PROBLEM STATEMENT: The reply should reproduce every line of the data below word for word, minus any images.

DATASET CONTENT:
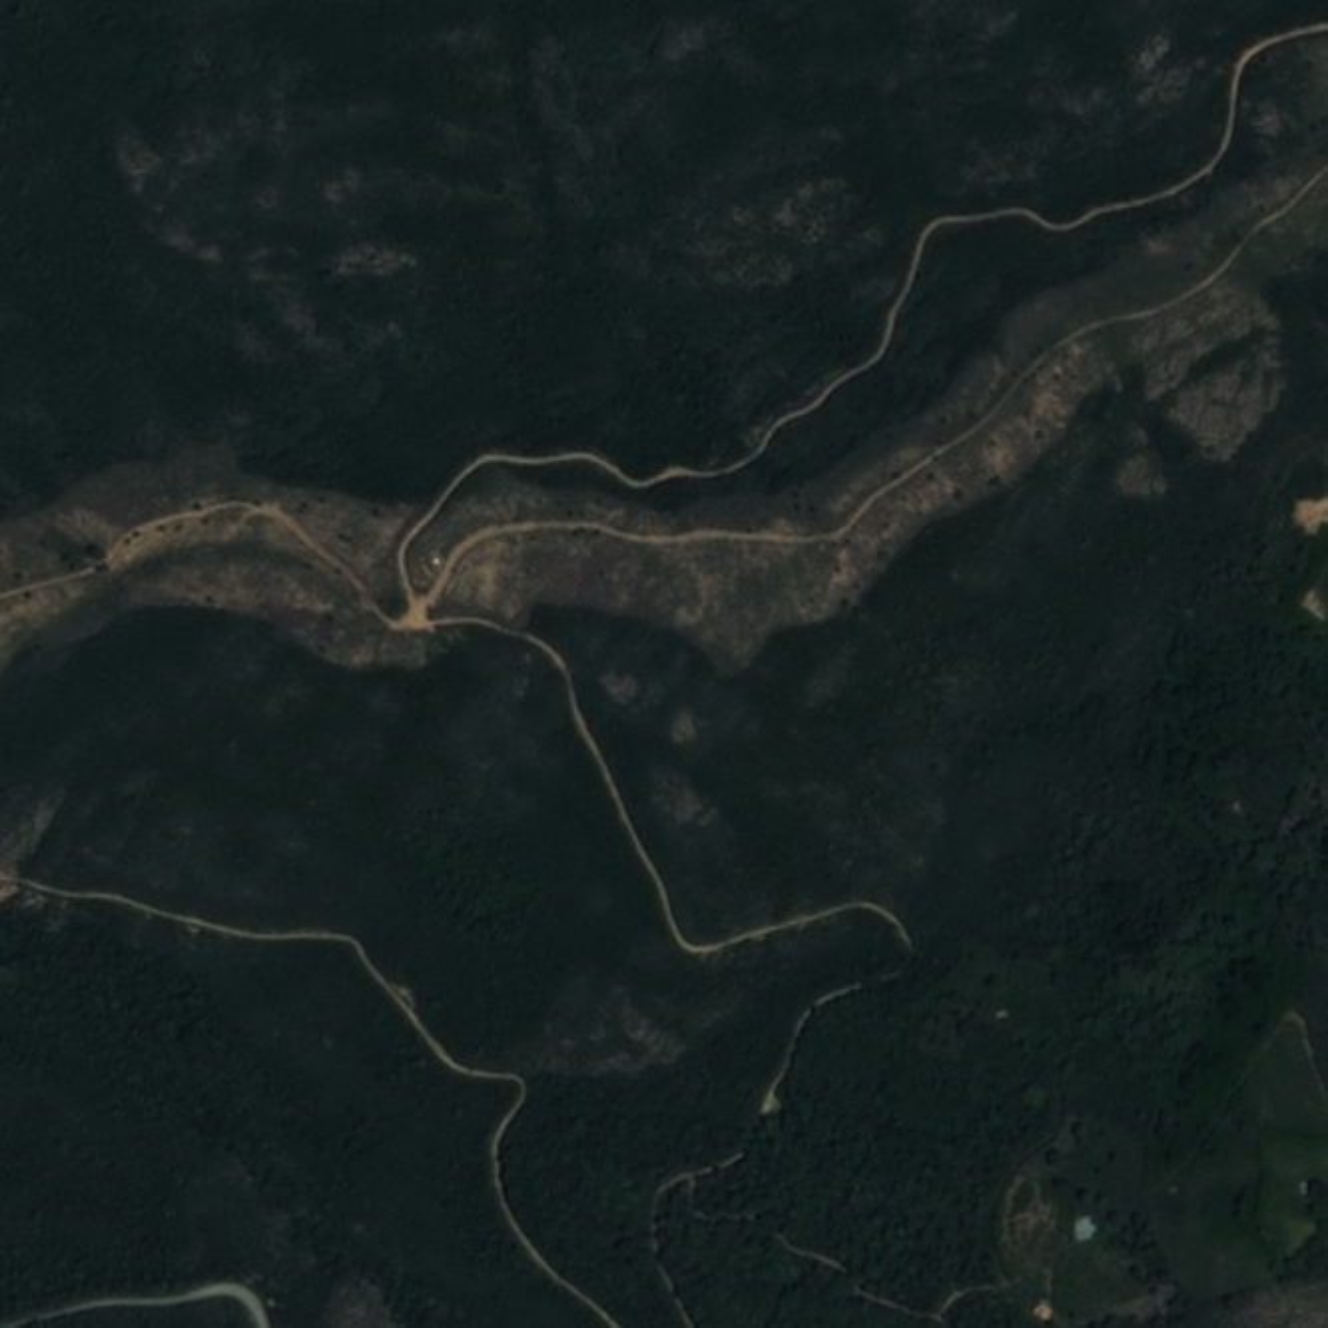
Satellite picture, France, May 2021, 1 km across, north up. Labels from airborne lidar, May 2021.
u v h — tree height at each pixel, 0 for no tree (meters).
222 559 0
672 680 0
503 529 0
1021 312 0
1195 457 12
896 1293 11
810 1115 14
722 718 0
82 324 6
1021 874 5
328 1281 7
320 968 5
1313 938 9
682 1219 11
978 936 6
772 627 0
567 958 7
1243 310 0
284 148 0
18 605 0
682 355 9
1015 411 0
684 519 0
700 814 0
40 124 7
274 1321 9
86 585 0
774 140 0
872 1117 11
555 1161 9
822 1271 13
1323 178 0
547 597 0
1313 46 0
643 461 6
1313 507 0
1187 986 13
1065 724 8
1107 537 6
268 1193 10
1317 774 7
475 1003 6
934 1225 14
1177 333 0
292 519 0
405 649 0
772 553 0
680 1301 10
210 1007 6
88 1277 7
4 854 0
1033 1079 6
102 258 5
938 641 8
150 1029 8
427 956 6
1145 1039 8
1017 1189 0
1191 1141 0
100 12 6
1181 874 8
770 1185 15
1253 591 9
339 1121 6
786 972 6
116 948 7
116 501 0
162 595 0
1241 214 0
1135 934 14
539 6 7
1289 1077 0
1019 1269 0
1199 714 10
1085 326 0
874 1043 7
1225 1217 0
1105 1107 6
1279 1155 0
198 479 0
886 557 9
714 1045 8
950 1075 6
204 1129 5
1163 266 0
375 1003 6
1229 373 0
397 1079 6
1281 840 9
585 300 6
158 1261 6
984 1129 10
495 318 6
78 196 6
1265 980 14
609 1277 10
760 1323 10
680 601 0
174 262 5
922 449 0
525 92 6
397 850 6
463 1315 7
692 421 6
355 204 0
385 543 0
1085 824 9
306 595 0
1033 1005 0
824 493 0
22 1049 7
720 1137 11
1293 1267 14
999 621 7
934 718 9
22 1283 6
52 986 7
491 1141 8
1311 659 11
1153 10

RESPONSE BELOW:
Satellite picture, France, May 2021, 1 km across, north up. Labels from airborne lidar, May 2021.
u v h — tree height at each pixel, 0 for no tree (meters).
222 559 0
672 680 0
503 529 0
1021 312 0
1195 457 12
896 1293 11
810 1115 14
722 718 0
82 324 6
1021 874 5
328 1281 7
320 968 5
1313 938 9
682 1219 11
978 936 6
772 627 0
567 958 7
1243 310 0
284 148 0
18 605 0
682 355 9
1015 411 0
684 519 0
700 814 0
40 124 7
274 1321 9
86 585 0
774 140 0
872 1117 11
555 1161 9
822 1271 13
1323 178 0
547 597 0
1313 46 0
643 461 6
1313 507 0
1187 986 13
1065 724 8
1107 537 6
268 1193 10
1317 774 7
475 1003 6
934 1225 14
1177 333 0
292 519 0
405 649 0
772 553 0
680 1301 10
210 1007 6
88 1277 7
4 854 0
1033 1079 6
102 258 5
938 641 8
150 1029 8
427 956 6
1145 1039 8
1017 1189 0
1191 1141 0
100 12 6
1181 874 8
770 1185 15
1253 591 9
339 1121 6
786 972 6
116 948 7
116 501 0
162 595 0
1241 214 0
1135 934 14
539 6 7
1289 1077 0
1019 1269 0
1199 714 10
1085 326 0
874 1043 7
1225 1217 0
1105 1107 6
1279 1155 0
198 479 0
886 557 9
714 1045 8
950 1075 6
204 1129 5
1163 266 0
375 1003 6
1229 373 0
397 1079 6
1281 840 9
585 300 6
158 1261 6
984 1129 10
495 318 6
78 196 6
1265 980 14
609 1277 10
760 1323 10
680 601 0
174 262 5
922 449 0
525 92 6
397 850 6
463 1315 7
692 421 6
355 204 0
385 543 0
1085 824 9
306 595 0
1033 1005 0
824 493 0
22 1049 7
720 1137 11
1293 1267 14
999 621 7
934 718 9
22 1283 6
52 986 7
491 1141 8
1311 659 11
1153 10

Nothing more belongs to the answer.